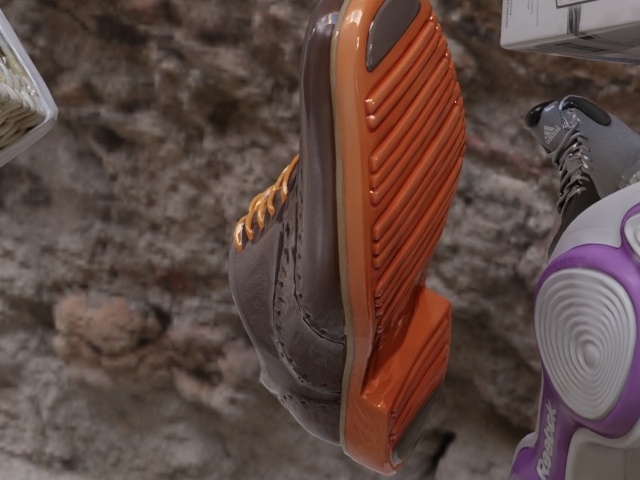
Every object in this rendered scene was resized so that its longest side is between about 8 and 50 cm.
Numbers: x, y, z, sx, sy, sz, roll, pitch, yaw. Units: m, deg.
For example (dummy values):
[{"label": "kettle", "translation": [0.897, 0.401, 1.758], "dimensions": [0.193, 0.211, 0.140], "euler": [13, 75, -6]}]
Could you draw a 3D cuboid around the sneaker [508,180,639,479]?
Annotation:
[{"label": "sneaker", "translation": [0.182, 0.075, 0.641], "dimensions": [0.152, 0.305, 0.114], "euler": [-9, 48, -12]}]

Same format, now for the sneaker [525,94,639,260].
[{"label": "sneaker", "translation": [0.231, -0.063, 1.201], "dimensions": [0.132, 0.086, 0.229], "euler": [44, 40, 3]}]

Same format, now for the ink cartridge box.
[{"label": "ink cartridge box", "translation": [0.260, -0.192, 1.008], "dimensions": [0.148, 0.085, 0.203], "euler": [3, 0, -27]}]

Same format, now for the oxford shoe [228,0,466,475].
[{"label": "oxford shoe", "translation": [0.000, 0.000, 0.747], "dimensions": [0.133, 0.363, 0.130], "euler": [21, 48, 21]}]

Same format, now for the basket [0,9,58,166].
[{"label": "basket", "translation": [-0.255, -0.078, 0.727], "dimensions": [0.167, 0.103, 0.113], "euler": [-32, 78, 3]}]

#### Exercise details
Output all the records above exactly, but without their images.

#### Your solution
Every object in this rendered scene was resized so that its longest side is between about 8 and 50 cm.
Numbers: x, y, z, sx, sy, sz, roll, pitch, yaw. Units: m, deg.
For example (dummy values):
[{"label": "kettle", "translation": [0.897, 0.401, 1.758], "dimensions": [0.193, 0.211, 0.140], "euler": [13, 75, -6]}]
Could you draw a 3D cuboid around the sneaker [508,180,639,479]?
Annotation:
[{"label": "sneaker", "translation": [0.182, 0.075, 0.641], "dimensions": [0.152, 0.305, 0.114], "euler": [-9, 48, -12]}]

Same format, now for the sneaker [525,94,639,260].
[{"label": "sneaker", "translation": [0.231, -0.063, 1.201], "dimensions": [0.132, 0.086, 0.229], "euler": [44, 40, 3]}]

Same format, now for the ink cartridge box.
[{"label": "ink cartridge box", "translation": [0.260, -0.192, 1.008], "dimensions": [0.148, 0.085, 0.203], "euler": [3, 0, -27]}]

Same format, now for the oxford shoe [228,0,466,475].
[{"label": "oxford shoe", "translation": [0.000, 0.000, 0.747], "dimensions": [0.133, 0.363, 0.130], "euler": [21, 48, 21]}]

Same format, now for the basket [0,9,58,166].
[{"label": "basket", "translation": [-0.255, -0.078, 0.727], "dimensions": [0.167, 0.103, 0.113], "euler": [-32, 78, 3]}]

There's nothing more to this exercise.